Faltan estudios teóricos sobre cartografía

Pero algo “muy importante” para Zucas es que “no abundan los estudios teóricos sobre su naturaleza u objetivos demandándose su recuperación histórica para ser divulgada de manera académica”. “Es infinita la información que puede leerse en una cartografía y a su vez  es un territorio deshabitado de investigación que los observe desde prismas diferentes”, añade.

Aquí es donde aún, para Zucas, queda mucho por contar ya que abarca todas las facetas, se trata de una disciplina donde interactuó simultáneamente la ciencia, el arte y la técnica en cada momento histórico de la humanidad, influenciándose de las distintas corrientes artísticas y levantándose en diferentes ubicaciones geográficas.
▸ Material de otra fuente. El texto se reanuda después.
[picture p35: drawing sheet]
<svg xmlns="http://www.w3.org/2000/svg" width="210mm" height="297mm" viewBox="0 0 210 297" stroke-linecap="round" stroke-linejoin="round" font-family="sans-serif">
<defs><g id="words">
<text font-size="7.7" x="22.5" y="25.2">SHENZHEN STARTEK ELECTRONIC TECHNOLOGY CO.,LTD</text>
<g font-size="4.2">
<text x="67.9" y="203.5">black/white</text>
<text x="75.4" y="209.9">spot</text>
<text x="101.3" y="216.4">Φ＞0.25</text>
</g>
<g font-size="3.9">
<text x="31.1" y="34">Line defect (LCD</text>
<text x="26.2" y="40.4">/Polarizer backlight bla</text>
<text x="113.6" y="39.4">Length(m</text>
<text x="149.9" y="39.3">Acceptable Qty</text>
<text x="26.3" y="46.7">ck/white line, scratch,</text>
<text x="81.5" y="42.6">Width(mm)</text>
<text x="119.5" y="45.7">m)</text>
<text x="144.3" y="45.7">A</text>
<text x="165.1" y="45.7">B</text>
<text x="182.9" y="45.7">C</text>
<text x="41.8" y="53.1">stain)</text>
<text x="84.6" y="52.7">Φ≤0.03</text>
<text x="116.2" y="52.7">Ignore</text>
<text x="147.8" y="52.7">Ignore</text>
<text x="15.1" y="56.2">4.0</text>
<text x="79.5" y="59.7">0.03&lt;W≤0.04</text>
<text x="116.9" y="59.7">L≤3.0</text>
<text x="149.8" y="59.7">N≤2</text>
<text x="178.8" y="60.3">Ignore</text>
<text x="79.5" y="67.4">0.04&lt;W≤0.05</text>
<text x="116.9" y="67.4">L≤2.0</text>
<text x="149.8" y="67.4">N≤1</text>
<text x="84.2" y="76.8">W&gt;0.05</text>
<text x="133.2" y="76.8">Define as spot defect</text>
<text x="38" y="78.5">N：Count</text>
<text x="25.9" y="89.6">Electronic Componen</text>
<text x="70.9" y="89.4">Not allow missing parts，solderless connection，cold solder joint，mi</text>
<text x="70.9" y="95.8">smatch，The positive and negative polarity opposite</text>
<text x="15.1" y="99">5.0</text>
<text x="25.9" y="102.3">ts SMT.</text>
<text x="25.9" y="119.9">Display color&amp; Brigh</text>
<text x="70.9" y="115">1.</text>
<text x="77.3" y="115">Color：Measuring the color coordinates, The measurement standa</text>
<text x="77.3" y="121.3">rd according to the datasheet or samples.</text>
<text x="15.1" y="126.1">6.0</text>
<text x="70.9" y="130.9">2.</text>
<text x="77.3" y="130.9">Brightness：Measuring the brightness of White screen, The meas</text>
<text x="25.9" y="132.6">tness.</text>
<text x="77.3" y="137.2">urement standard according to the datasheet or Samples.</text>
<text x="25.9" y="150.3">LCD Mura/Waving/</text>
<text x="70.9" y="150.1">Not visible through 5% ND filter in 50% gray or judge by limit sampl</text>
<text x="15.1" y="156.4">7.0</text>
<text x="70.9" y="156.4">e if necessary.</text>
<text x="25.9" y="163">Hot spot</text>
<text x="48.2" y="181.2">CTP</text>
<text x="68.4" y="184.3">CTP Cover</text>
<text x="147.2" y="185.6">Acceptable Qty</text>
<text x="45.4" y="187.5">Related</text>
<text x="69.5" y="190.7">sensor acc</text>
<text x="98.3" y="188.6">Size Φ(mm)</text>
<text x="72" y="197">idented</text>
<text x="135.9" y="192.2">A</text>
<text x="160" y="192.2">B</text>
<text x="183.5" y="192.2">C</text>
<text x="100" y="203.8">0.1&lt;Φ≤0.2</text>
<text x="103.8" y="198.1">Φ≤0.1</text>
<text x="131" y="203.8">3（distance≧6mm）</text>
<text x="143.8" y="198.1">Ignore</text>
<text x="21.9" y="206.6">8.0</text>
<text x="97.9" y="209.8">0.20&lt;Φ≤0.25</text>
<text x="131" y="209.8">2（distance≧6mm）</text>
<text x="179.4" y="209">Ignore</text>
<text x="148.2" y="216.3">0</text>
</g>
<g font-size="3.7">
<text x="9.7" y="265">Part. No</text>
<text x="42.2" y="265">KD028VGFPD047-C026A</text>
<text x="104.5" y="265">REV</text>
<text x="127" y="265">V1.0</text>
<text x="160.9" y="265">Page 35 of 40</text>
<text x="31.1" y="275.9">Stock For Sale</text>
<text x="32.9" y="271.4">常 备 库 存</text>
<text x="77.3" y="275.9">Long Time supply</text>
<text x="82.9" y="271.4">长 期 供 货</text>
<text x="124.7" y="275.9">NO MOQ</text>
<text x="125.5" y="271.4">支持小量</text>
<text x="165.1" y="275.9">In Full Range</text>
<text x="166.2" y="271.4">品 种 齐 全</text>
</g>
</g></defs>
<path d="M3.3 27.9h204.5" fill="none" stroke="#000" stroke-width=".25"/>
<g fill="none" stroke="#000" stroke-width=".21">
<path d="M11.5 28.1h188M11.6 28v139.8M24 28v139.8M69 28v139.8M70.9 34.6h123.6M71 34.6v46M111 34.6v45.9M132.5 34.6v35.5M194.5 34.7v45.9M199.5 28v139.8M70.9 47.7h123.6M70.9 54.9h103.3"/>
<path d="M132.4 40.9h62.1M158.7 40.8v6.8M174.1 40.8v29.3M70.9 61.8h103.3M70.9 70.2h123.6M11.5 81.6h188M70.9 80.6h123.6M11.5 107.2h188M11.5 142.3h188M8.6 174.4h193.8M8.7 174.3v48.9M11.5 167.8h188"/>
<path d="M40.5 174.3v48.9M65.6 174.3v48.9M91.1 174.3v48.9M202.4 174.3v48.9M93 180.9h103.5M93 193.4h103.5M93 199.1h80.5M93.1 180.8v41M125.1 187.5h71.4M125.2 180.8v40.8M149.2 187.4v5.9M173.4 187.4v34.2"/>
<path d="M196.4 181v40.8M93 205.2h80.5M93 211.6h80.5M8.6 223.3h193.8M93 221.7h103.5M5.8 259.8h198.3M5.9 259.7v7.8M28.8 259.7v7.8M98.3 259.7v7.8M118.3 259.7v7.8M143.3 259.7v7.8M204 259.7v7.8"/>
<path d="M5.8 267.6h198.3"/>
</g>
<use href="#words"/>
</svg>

¿Cómo se catalogan los mapas?

Un archivo se organiza, de cara a simplificar la búsqueda, de manera que en bibliotecología para catalogar este material documental, se considera antiguo cuándo este haya sido publicado antes de 1901 y moderno posterior a esa fecha, aunque en algunas instituciones se sigue estableciendo como fecha límite el año 1830.

A juicio de Zucas “en este momento donde la información fluye y es accesible a casi todo el mundo, a veces es necesario valerse de recursos donde poder canalizarla adecuadamente”. De esta manera defiende que “la cartografía es ideal para ello, más aún cuando disponemos de archivos tan importantes”.

3 COMENTARIOS

  1. No es cierto que “no abundan los estudios teóricos sobre su naturaleza u objetivos demandándose su recuperación histórica para ser divulgada de manera académica”. En los últimos 20 años se han publicado muchos estudios teóricos y metodológicos novedosos sobre la cartografía antigua (sobre todo, en inglés y en francés, pero también en alemán, y menos en español, portugués e italiano).